Both BMAC technologies concentrated TNCs but did not increase the overall content of hematopoietic cells (CD45+). BMAC significantly reduced (CD45+CD29+) but also enriched (CD45+73+, CD45+90+, CD45+73+CD90+) distinct subsets expressing markers that have been detected on a great variety of immune cells such as T cells, B cells, dendritic cells, and monocytes as well as on hematopoietic progenitor cells [19, 20].

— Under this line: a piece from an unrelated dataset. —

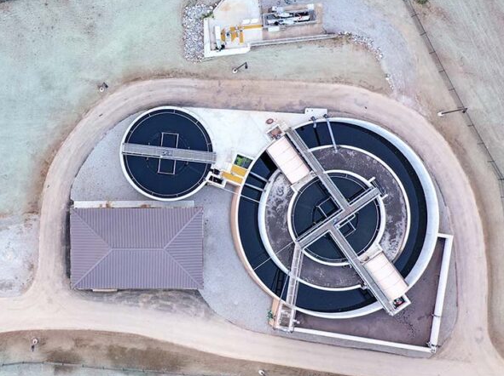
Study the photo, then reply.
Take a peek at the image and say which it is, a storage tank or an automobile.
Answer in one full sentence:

Yet, to date, the effects of immune cell subset depletion or concentration by BMAC on tissue regeneration remains unclear. Additionally, the clinical relevance of specific significantly enriched CD45− (progenitor) subpopulations CD45−CD10+, CD45−CD29+, CD45−CD73+, CD45−CD90+, CD45−CD105+, CD45−CD119+, CD45−CD73+CD90+, CD45dimCD44+CD271+, and CD45dimCD90+CD271+ is unknown, especially with regards to augmenting bone and/or cartilage regeneration. CD45−CD10+, CD45−CD29+, CD45−CD119+ and CD45−CD73+CD90+ phenotypes are part of both endothelial cell and MSC marker profiles [5], but their concrete relevance to regenerative medicine is also unknown. However, the increase of CFU-F supports the MSC enrichment in both BMAC groups, and the marker combination CD45dimCD90+CD271+ specifically characterizes highly clonogenic multipotent MSCs with significant osteogenic differentiation capacity [21, 22]. This specific subpopulation was concentrated in BMAC, providing further proof of concept for its clinical use. Yet, it has to be noted that the observed increase of CD45dimCD90+CD271+ events detected by flow cytometry reflects the relationship to non-concentrated control but not absolute cell numbers. This is of particular importance as the frequency of these cells in the BM is very low, i.e. proximate to the flow cytometry detection limit. Despite this understanding, it is unclear if a greater presence of this subpopulation is relevant for clinical efficacy, as others have shown that platelets and trophic factors may also contribute to BMAC’s therapeutic effect.

Previous studies have illustrated that BMAC application resulted in significant bone and cartilage healing in both animal models and human clinical trials [2, 3, 23]. In a recent review investigating the role of BMAC in animal long bone healing, 100% of the reviewed 35 manuscripts illustrated a significant increase in radiographic bone formation in the BMAC group, while 90% showed significant early bone healing on histological analysis and 78% showed increased torsional stiffness when compared to controls [24]. In a prospective non-randomized human clinical trial, patients with large patellofemoral chondral lesions showed significantly improved clinical outcome scores at a minimum 3 year follow-up after treatment with autologous BMAC implanted into the chondral defect which was comparable to patients treated with matrix-induced autologous chondrocyte implantation [25]. In another study, patients with chondral lesions treated with BMAC plus a collagen scaffold experienced significant clinical improvement in all clinical scores compared to preoperative values, complete filling of the defect in 80% and hyaline like cartilage regeneration on histological analysis [26]. However, there is currently a lack of consensus for or against the use of a scaffold coupled with BMAC for clinical applications [27].

Conclusion

Our data could contribute to the development of BMAC quality control assays as both commercial BMAC systems significantly concentrate MSC populations, platelets and growth factors, but not hematopoietic progenitor cells, compared to un-concentrated marrow aspirate. Clinical trials will be necessary to correlate specific MSC subpopulations and growth factors with therapeutic efficacy.